Segment Open
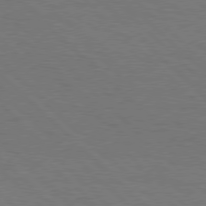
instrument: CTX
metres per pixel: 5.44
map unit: Hpe
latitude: 77.4426
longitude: -155.4237
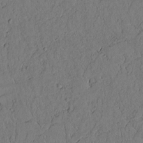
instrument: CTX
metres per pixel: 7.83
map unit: lAvf
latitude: 4.8191
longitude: 169.9556
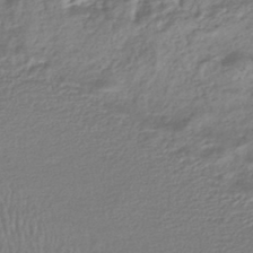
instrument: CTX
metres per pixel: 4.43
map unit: HNhu
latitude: -44.7085
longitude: 97.1053
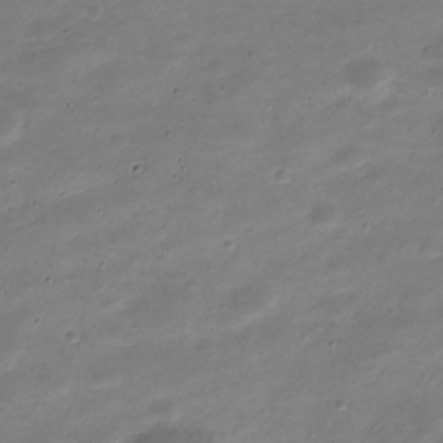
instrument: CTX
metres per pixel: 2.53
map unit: Nve
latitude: -21.7288
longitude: 104.5762
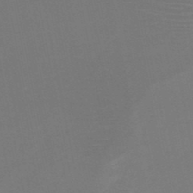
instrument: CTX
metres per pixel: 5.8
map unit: HNb
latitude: -50.0283
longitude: -45.8205
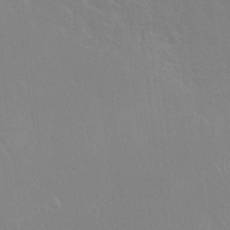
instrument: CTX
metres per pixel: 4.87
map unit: eHh
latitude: 21.8017
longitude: -58.3467
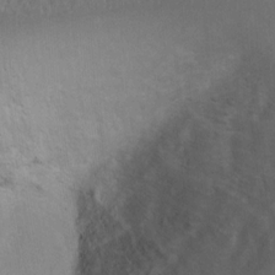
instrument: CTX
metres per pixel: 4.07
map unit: Hto
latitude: 8.6491
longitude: -30.5546
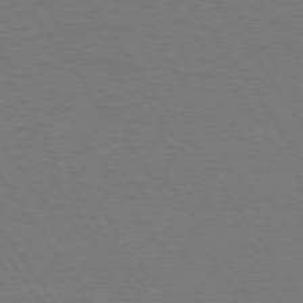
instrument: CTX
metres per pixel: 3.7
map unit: Hpe
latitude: 73.8962
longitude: -130.4790
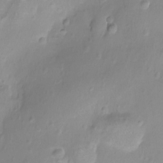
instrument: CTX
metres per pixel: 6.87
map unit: Nhu
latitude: -12.4062
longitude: -38.5546
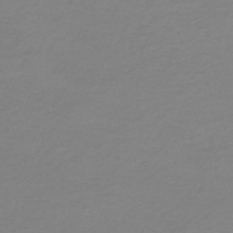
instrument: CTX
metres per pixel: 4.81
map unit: HNb
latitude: -45.3510
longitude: 53.8611
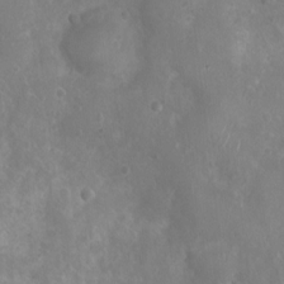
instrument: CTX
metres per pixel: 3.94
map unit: Nhu
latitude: 6.7246
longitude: -18.8191
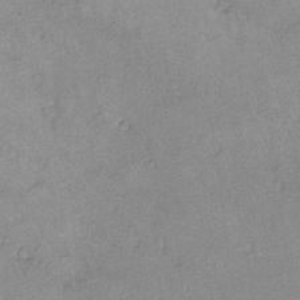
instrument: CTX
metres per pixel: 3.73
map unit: lHvf
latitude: -13.9178
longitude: -103.7638
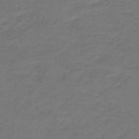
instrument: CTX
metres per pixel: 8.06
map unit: HNb
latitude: -45.0298
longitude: 52.4818
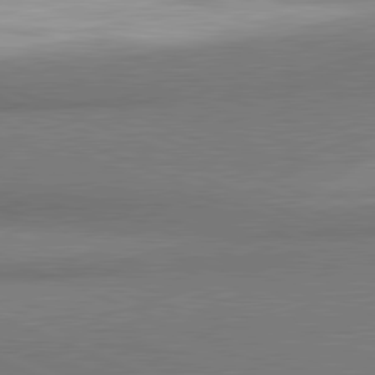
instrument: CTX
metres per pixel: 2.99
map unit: lApd
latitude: 81.5371
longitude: 160.2362
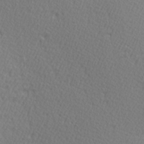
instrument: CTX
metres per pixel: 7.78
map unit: Hve
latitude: 3.1781
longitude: -124.4034
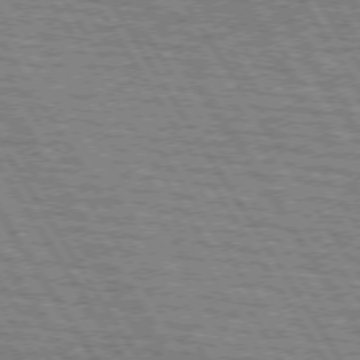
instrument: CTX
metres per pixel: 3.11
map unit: lApd
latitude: 73.8584
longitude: -77.7260
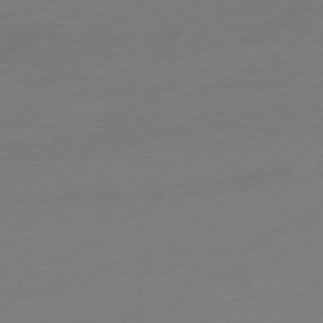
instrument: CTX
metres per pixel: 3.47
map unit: Ap
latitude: -78.6896
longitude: -98.4790
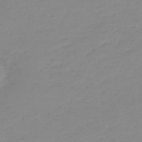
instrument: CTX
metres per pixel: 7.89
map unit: lHb
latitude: -40.0661
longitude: 68.1038
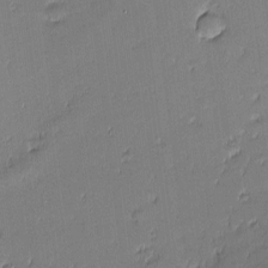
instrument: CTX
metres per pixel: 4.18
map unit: eHh
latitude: -3.2186
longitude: -81.8394
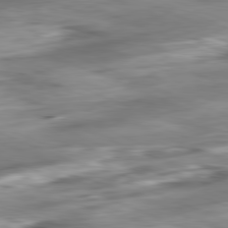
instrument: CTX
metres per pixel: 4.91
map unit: Ap
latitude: -81.8612
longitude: -80.8191
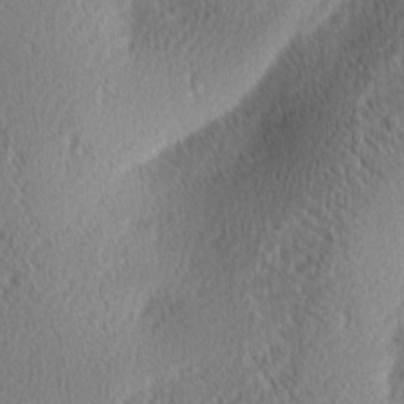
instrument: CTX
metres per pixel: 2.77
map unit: lAa
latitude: 0.7057
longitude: -116.2334
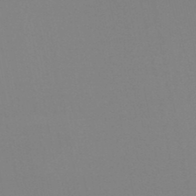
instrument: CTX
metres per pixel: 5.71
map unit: HNb
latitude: -46.2739
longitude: -43.0270
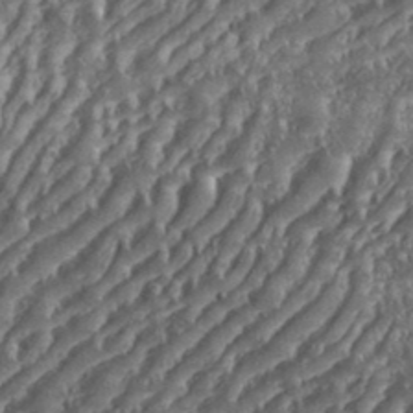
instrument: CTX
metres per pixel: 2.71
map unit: eHh
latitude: 36.2712
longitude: -133.8394
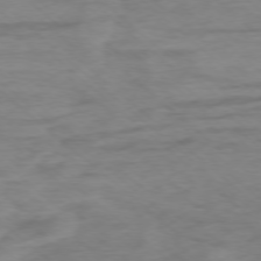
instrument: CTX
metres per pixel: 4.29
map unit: Ap
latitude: -76.6141
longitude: -77.4804
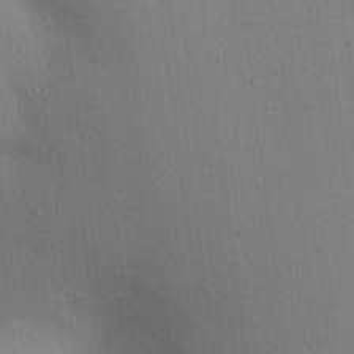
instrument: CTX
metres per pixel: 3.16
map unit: lAvf
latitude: 7.7072
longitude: 169.0108
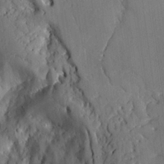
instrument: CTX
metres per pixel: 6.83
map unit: Aa
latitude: 25.9339
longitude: -130.3279
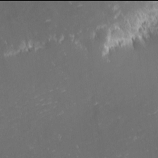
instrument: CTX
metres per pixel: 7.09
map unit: eHh
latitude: -2.0094
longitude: -81.0647
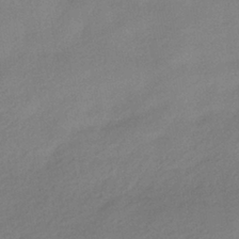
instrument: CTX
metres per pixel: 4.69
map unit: HNhu
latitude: -40.0661
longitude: 95.1242
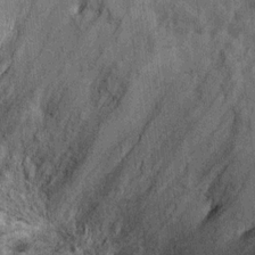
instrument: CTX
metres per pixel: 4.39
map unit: Ht
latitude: 9.8394
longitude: -37.5371
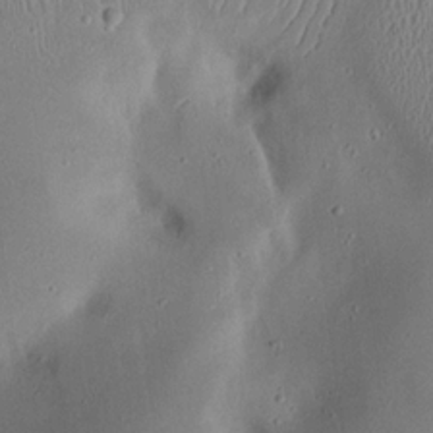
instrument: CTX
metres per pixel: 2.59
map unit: eHh
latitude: 23.5560
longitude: -70.2144
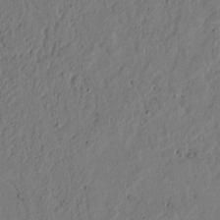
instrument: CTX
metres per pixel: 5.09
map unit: lAvf
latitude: 4.6490
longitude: 165.7667
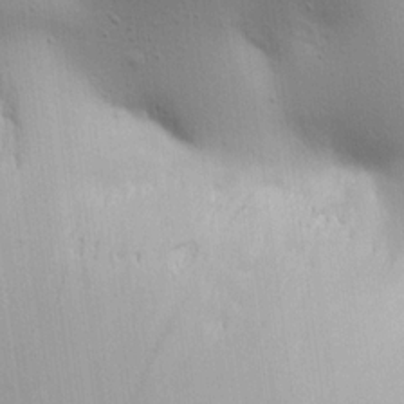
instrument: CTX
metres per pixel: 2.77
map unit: Aa
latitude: 18.4601
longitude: -141.5938
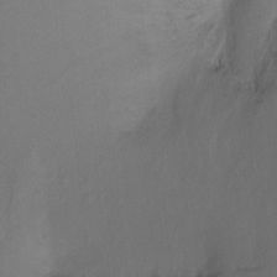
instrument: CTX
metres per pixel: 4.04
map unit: Ht
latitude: -10.6708
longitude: -34.4223
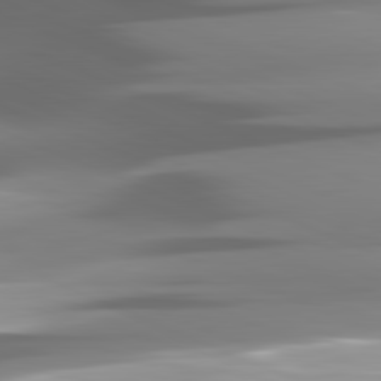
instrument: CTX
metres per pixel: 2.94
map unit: lApd
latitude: 82.0822
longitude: -146.9136
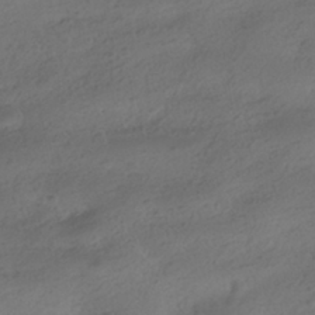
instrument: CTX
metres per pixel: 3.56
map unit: HNhu
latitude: -39.2943
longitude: 97.7667
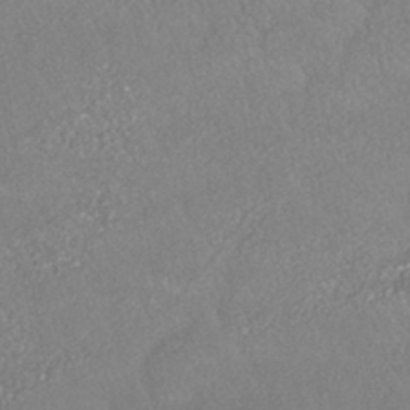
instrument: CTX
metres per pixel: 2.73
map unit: HNhu
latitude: -43.1242
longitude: 94.6329
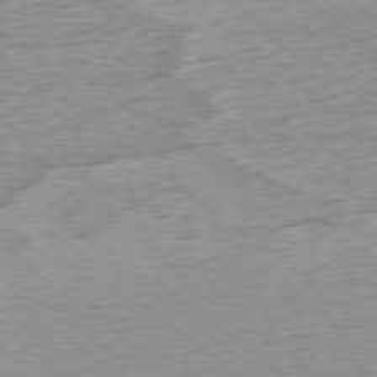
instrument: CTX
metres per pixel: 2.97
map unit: Hpe
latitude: -78.9352
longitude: -22.9892
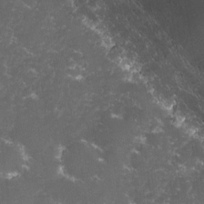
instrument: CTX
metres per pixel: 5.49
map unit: lHvf
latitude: -14.2740
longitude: -99.9150
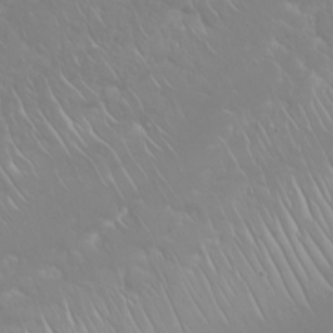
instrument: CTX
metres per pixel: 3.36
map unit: Nhu
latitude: 23.2537
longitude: -64.2522
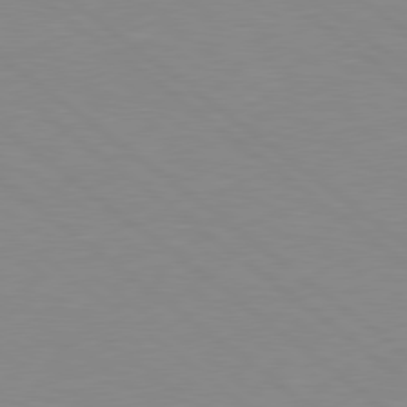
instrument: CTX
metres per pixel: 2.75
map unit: Hpe
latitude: 78.6491
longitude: -124.4601
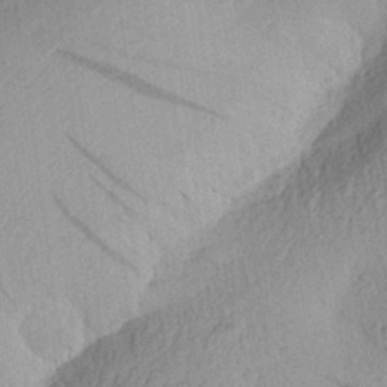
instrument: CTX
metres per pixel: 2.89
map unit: Aa
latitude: 25.3859
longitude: -145.1592
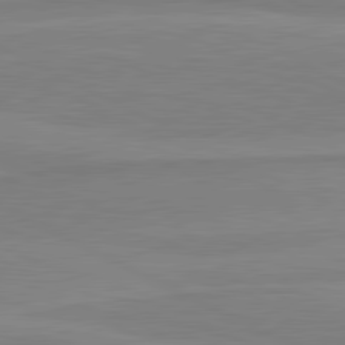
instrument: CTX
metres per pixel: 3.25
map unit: lApd
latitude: 81.1403
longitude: 170.5007
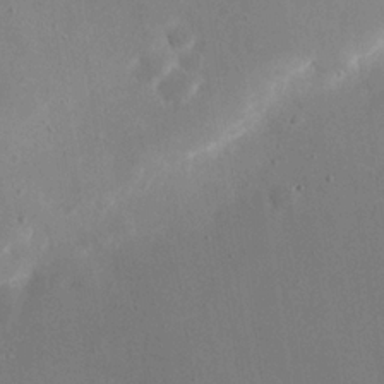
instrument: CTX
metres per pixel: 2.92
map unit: eHh
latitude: 19.4993
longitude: -68.7435
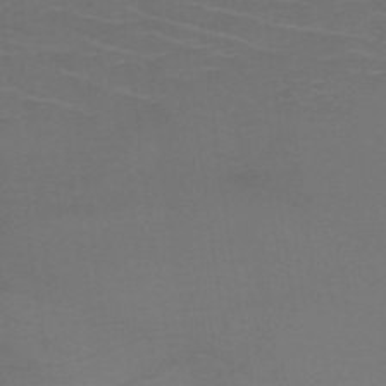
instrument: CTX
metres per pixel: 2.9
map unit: HNb
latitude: -49.4455
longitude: -45.7260
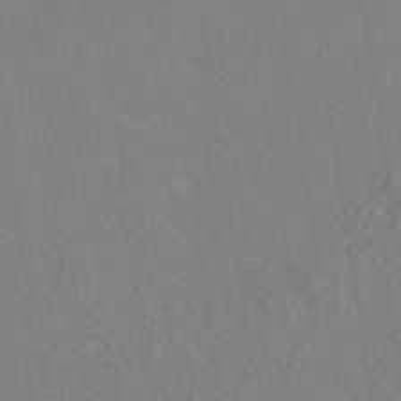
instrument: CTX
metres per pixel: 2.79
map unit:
Segment Closed
→ **Problem to work on**
What is needed is a word-for-word restatement of the entries, minus any pictures.

→ **Answer box**
instrument: CTX
metres per pixel: 5.44
map unit: Hpe
latitude: 77.4426
longitude: -155.4237
instrument: CTX
metres per pixel: 7.83
map unit: lAvf
latitude: 4.8191
longitude: 169.9556
instrument: CTX
metres per pixel: 4.43
map unit: HNhu
latitude: -44.7085
longitude: 97.1053
instrument: CTX
metres per pixel: 2.53
map unit: Nve
latitude: -21.7288
longitude: 104.5762
instrument: CTX
metres per pixel: 5.8
map unit: HNb
latitude: -50.0283
longitude: -45.8205
instrument: CTX
metres per pixel: 4.87
map unit: eHh
latitude: 21.8017
longitude: -58.3467
instrument: CTX
metres per pixel: 4.07
map unit: Hto
latitude: 8.6491
longitude: -30.5546
instrument: CTX
metres per pixel: 3.7
map unit: Hpe
latitude: 73.8962
longitude: -130.4790
instrument: CTX
metres per pixel: 6.87
map unit: Nhu
latitude: -12.4062
longitude: -38.5546
instrument: CTX
metres per pixel: 4.81
map unit: HNb
latitude: -45.3510
longitude: 53.8611
instrument: CTX
metres per pixel: 3.94
map unit: Nhu
latitude: 6.7246
longitude: -18.8191
instrument: CTX
metres per pixel: 3.73
map unit: lHvf
latitude: -13.9178
longitude: -103.7638
instrument: CTX
metres per pixel: 8.06
map unit: HNb
latitude: -45.0298
longitude: 52.4818
instrument: CTX
metres per pixel: 2.99
map unit: lApd
latitude: 81.5371
longitude: 160.2362
instrument: CTX
metres per pixel: 7.78
map unit: Hve
latitude: 3.1781
longitude: -124.4034
instrument: CTX
metres per pixel: 3.11
map unit: lApd
latitude: 73.8584
longitude: -77.7260
instrument: CTX
metres per pixel: 3.47
map unit: Ap
latitude: -78.6896
longitude: -98.4790
instrument: CTX
metres per pixel: 7.89
map unit: lHb
latitude: -40.0661
longitude: 68.1038
instrument: CTX
metres per pixel: 4.18
map unit: eHh
latitude: -3.2186
longitude: -81.8394
instrument: CTX
metres per pixel: 4.91
map unit: Ap
latitude: -81.8612
longitude: -80.8191
instrument: CTX
metres per pixel: 2.77
map unit: lAa
latitude: 0.7057
longitude: -116.2334
instrument: CTX
metres per pixel: 5.71
map unit: HNb
latitude: -46.2739
longitude: -43.0270
instrument: CTX
metres per pixel: 2.71
map unit: eHh
latitude: 36.2712
longitude: -133.8394
instrument: CTX
metres per pixel: 4.29
map unit: Ap
latitude: -76.6141
longitude: -77.4804
instrument: CTX
metres per pixel: 3.16
map unit: lAvf
latitude: 7.7072
longitude: 169.0108
instrument: CTX
metres per pixel: 6.83
map unit: Aa
latitude: 25.9339
longitude: -130.3279
instrument: CTX
metres per pixel: 7.09
map unit: eHh
latitude: -2.0094
longitude: -81.0647
instrument: CTX
metres per pixel: 4.69
map unit: HNhu
latitude: -40.0661
longitude: 95.1242
instrument: CTX
metres per pixel: 4.39
map unit: Ht
latitude: 9.8394
longitude: -37.5371
instrument: CTX
metres per pixel: 2.59
map unit: eHh
latitude: 23.5560
longitude: -70.2144
instrument: CTX
metres per pixel: 5.09
map unit: lAvf
latitude: 4.6490
longitude: 165.7667
instrument: CTX
metres per pixel: 2.77
map unit: Aa
latitude: 18.4601
longitude: -141.5938
instrument: CTX
metres per pixel: 4.04
map unit: Ht
latitude: -10.6708
longitude: -34.4223
instrument: CTX
metres per pixel: 2.94
map unit: lApd
latitude: 82.0822
longitude: -146.9136
instrument: CTX
metres per pixel: 3.56
map unit: HNhu
latitude: -39.2943
longitude: 97.7667
instrument: CTX
metres per pixel: 2.73
map unit: HNhu
latitude: -43.1242
longitude: 94.6329
instrument: CTX
metres per pixel: 2.97
map unit: Hpe
latitude: -78.9352
longitude: -22.9892
instrument: CTX
metres per pixel: 5.49
map unit: lHvf
latitude: -14.2740
longitude: -99.9150
instrument: CTX
metres per pixel: 3.36
map unit: Nhu
latitude: 23.2537
longitude: -64.2522
instrument: CTX
metres per pixel: 2.75
map unit: Hpe
latitude: 78.6491
longitude: -124.4601
instrument: CTX
metres per pixel: 2.89
map unit: Aa
latitude: 25.3859
longitude: -145.1592
instrument: CTX
metres per pixel: 3.25
map unit: lApd
latitude: 81.1403
longitude: 170.5007
instrument: CTX
metres per pixel: 2.92
map unit: eHh
latitude: 19.4993
longitude: -68.7435
instrument: CTX
metres per pixel: 2.9
map unit: HNb
latitude: -49.4455
longitude: -45.7260
instrument: CTX
metres per pixel: 2.79
map unit:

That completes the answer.